Хайяте неопределенно передернул плечами и постарался как можно незаметней вытереть о штаны ладонь, которой зажимал себе рот, чтобы никто не заметил на ней крови.
Почти минуту они все молча смотрели друг на друга, а потом коридор вдруг огласил негодующий вопль учителя:
- Что здесь происходит?!
Дети мгновенно прыснули в стороны, и через секунду в коридоре остались только Хайяте, Югао, Котетсу с Изумо и одна из девочек – светловолосая, с огромными карими глазами.
Сенсей подбежал к ним и остановился, уперев руки в колени в попытках отдышаться, потом выпрямился и вперил в Котетсу и Изумо грозный взгляд.
- Хагане!! Камизуки!!! – прорычал он. – Снова драка! До каких пор будет продолжаться это безобразие?! Еще немного – и вы вообще вылетите из Академии! Вам и так пошли навстречу, позволив продолжить обучение! Для истинного шиноби прежде всего – дисциплина!!! Вы наказаны, отправляйтесь на кухню чистить котлы! Немедленно!!!
Под конец своего яростного монолога учитель уже брызгал слюной от высшей степени возмущения.
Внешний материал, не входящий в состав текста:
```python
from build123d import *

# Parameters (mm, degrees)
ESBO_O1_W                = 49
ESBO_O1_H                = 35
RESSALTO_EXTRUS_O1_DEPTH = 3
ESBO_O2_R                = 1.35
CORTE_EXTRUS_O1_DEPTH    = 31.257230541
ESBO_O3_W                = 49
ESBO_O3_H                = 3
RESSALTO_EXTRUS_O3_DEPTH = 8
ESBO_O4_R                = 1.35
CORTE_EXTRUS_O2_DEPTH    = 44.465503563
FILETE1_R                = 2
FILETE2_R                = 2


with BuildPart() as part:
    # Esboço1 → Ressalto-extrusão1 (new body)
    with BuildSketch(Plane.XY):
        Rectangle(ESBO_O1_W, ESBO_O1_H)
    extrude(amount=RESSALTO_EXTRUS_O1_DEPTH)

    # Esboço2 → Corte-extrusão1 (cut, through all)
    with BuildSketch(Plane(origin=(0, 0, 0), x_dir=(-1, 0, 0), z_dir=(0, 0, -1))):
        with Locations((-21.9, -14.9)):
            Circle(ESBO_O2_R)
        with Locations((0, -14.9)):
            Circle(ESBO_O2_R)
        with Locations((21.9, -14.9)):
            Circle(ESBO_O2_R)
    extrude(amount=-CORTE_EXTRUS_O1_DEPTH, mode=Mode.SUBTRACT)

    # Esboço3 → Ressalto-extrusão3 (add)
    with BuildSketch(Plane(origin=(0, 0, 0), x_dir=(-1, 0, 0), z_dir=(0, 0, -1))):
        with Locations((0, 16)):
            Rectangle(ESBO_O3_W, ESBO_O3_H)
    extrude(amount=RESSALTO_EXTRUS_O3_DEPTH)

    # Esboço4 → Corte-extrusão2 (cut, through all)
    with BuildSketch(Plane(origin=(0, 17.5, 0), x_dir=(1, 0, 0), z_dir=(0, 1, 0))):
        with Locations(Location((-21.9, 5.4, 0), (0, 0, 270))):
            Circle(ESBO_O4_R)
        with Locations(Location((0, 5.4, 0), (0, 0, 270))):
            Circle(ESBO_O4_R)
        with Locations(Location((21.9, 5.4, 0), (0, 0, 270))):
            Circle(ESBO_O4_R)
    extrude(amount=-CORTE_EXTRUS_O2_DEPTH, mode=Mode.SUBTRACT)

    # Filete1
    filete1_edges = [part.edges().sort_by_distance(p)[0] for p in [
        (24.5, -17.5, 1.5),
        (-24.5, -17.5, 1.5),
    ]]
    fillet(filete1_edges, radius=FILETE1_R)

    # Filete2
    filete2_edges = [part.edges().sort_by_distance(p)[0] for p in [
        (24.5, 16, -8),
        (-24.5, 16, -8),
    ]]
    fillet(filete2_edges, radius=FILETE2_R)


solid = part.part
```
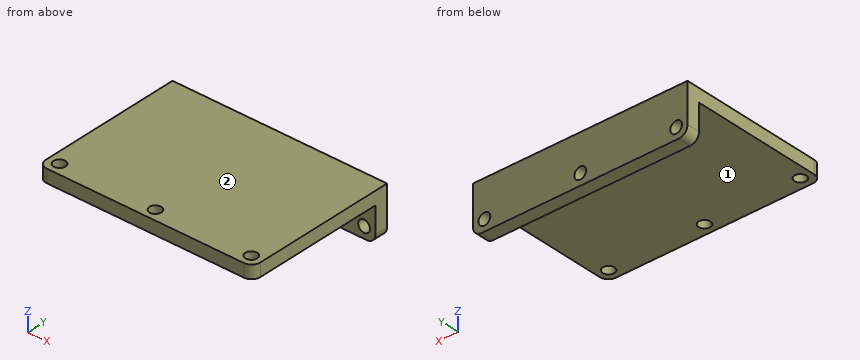
The listing builds one solid part. Answer for the finished solid, in the listing's coordinates (mm). Face numbers are marked on the shaded views. A direction names the side the tool comes from. Round coordinates to 2 decimals unless told otherwise and drop trailing zeros. Loops run counter-clockwise (first coordinate to the right, second up) from the corner with the lowest first, then second, coordinate; pieces in that order, holes last. Notation, with made-up numbers: (28.5, 28) - (78.5, 28) arc R33 cw to (78.5, 57) - close; hole circle Ø7 at (44, 58). An arc over 180 degrees is marked (long way). Return JSON: item names as keys, results as strings. Group by question number.
1. The part is cut by section B-B on x = -21.9. Determine the outline of the cut face in (y, z), then the cut area to 3 significant figures.
2. The part is cut by section A-A on y = -14.9. Determine the outline of the cut face in (x, z).
3. Which of the six approach directions +Z, -Z, +X, -X, +Y, -Y give full straight-line access (tool end or side, diameter ignored) to the marked faces 1 and 2?
4. Each of these flat-tipped pins is pushed along its axis until it touches: P1, Ø2.5, axis at x = 21.9, y = -14.9, coming from the +Z side; P2, Ø3, axis at x = 21.9, z = -5.4, coming from the -Y side; P3, Ø16, axis at x = 6.5, y = -0.5, coming from the -Z side. Where does it stop, or does it pass through?
5. Consider probe 1 along X at (y, z) = (16.05, -5.4); probe 2 along Y at (x, z) = (21.9, 1.9); probe 3 along Z at (x, y) = (-2, 10). Determine where each line is inside the solid, lowest interval first.
6. The part is cut by section C-C on z = -5.4. Determine the outline of the cut face in (x, y), then the cut area to 3 significant figures.
7. The part is cut by section D-D on x = -11. Determine the outline of the cut face in (y, z), then the cut area to 3 significant figures.
Resolved:
{
 "1": {"outline": "(-17.5, 0) - (-16.25, 0) - (-16.25, 3) - (-17.5, 3) - close; (-13.55, 0) - (14.5, 0) - (14.5, -4.05) - (17.5, -4.05) - (17.5, 3) - (-13.55, 3) - close; (14.5, -8) - (17.5, -8) - (17.5, -6.75) - (14.5, -6.75) - close", "area": "113 mm²"},
 "2": {"outline": "(-24.5, 0) - (-23.25, 0) - (-23.25, 3) - (-24.5, 3) - close; (-20.55, 0) - (-1.35, 0) - (-1.35, 3) - (-20.55, 3) - close; (1.35, 0) - (20.55, 0) - (20.55, 3) - (1.35, 3) - close; (23.25, 0) - (24.5, 0) - (24.5, 3) - (23.25, 3) - close"},
 "3": {"face 1": "-Z, +X, -X, -Y", "face 2": "+Z, +X, -X, +Y, -Y"},
 "4": {"P1": "passes through", "P2": "stops at y = 14.5", "P3": "stops at z = 0"},
 "5": {"probe 1": "x = -24.5 to -23.25, -20.55 to -1.35, 1.35 to 20.55, 23.25 to 24.5", "probe 2": "y = -17.5 to -16.25, -13.55 to 17.5", "probe 3": "z = 0 to 3"},
 "6": {"outline": "(-24.5, 14.5) - (-23.25, 14.5) - (-23.25, 17.5) - (-24.5, 17.5) - close; (-20.55, 14.5) - (-1.35, 14.5) - (-1.35, 17.5) - (-20.55, 17.5) - close; (1.35, 14.5) - (20.55, 14.5) - (20.55, 17.5) - (1.35, 17.5) - close; (23.25, 14.5) - (24.5, 14.5) - (24.5, 17.5) - (23.25, 17.5) - close", "area": "123 mm²"},
 "7": {"outline": "(-17.5, 0) - (14.5, 0) - (14.5, -8) - (17.5, -8) - (17.5, 3) - (-17.5, 3) - close", "area": "129 mm²"}
}

Котетсу шмыгнул носом, поморщился и, протянув руку, помог другу подняться:
- Ничего нового…
Изумо кивнул, потом молча кинул шарф Хайяте.
Тот спрятал свое сокровище в карман, тоже поднялся на ноги, отстранив помощь Югао, и негромко позвал:
- Сенсей.
- А? – учитель удивленно обернулся к нему.
Котетсу и Изумо замерли и тоже посмотрели на него со странным подозрением.
Они что, ожидали, что он сейчас начнет жаловаться?..
Хайяте тряхнул головой, отбрасывая челку с глаз, и спокойно сообщил:
- Я пойду с ними. Я тоже нарушил дисциплину.
Отец будет в ярости.
Югао весело хмыкнула, словно и не ожидала ничего иного, светловолосая девочка изумленно захлопала ресницами, сенсей просто молча раскрыл рот. А Котетсу и Изумо… Хайяте был уверен, что запомнит этот их взгляд навсегда.
- Не волнуйтесь, сенсей, я их проконтролирую! – вдруг заявила Югао, с силой подтолкнула замешкавшихся Хагане и Камизуки, взяла за руку Гекко и кивнула светловолосой девочке. – Аири-чан, ты с нами?
Та поспешно кивнула и улыбнулась так, будто всю жизнь мечтала чистить котлы на кухне Академии.
А учитель так и не нашелся, что ответить.
День выдался неожиданно солнечным для октября. Вернувшись домой после прогулки с Югао, Хайяте с некоторым удивлением увидел, что Хотару сидела на ступенях крыльца и играла на бамбуковой свирели.
Негромкая, тоскливая мелодия кралась по саду, как кошка. Хайяте нерешительно замер у калитки, но сестра скоро прекратила играть и махнула ему рукой, велев подойти.
Ее черные волосы, почти такие же черные, как у мамы и самого Хайяте, против обыкновения были распущены и плащом укутывали плечи, как дорогой шелк. А загорелое лицо казалось странно спокойным и умиротворенным, словно Хотару наконец пришла к какому-то решению.
Сестра не была красивой, и тем более она не была такой красивой, как мама… но сейчас она напоминала сказочного водного духа, и Хайяте вглядывался во все глаза, впитывая в себя этот новый облик Хотару.
Во дворе было тихо, косые лучи закатного солнца расчерчивали каменные плиты диагональными полосами. Старые яблони медитативно шелестели листвой на почти неуловимым ветру.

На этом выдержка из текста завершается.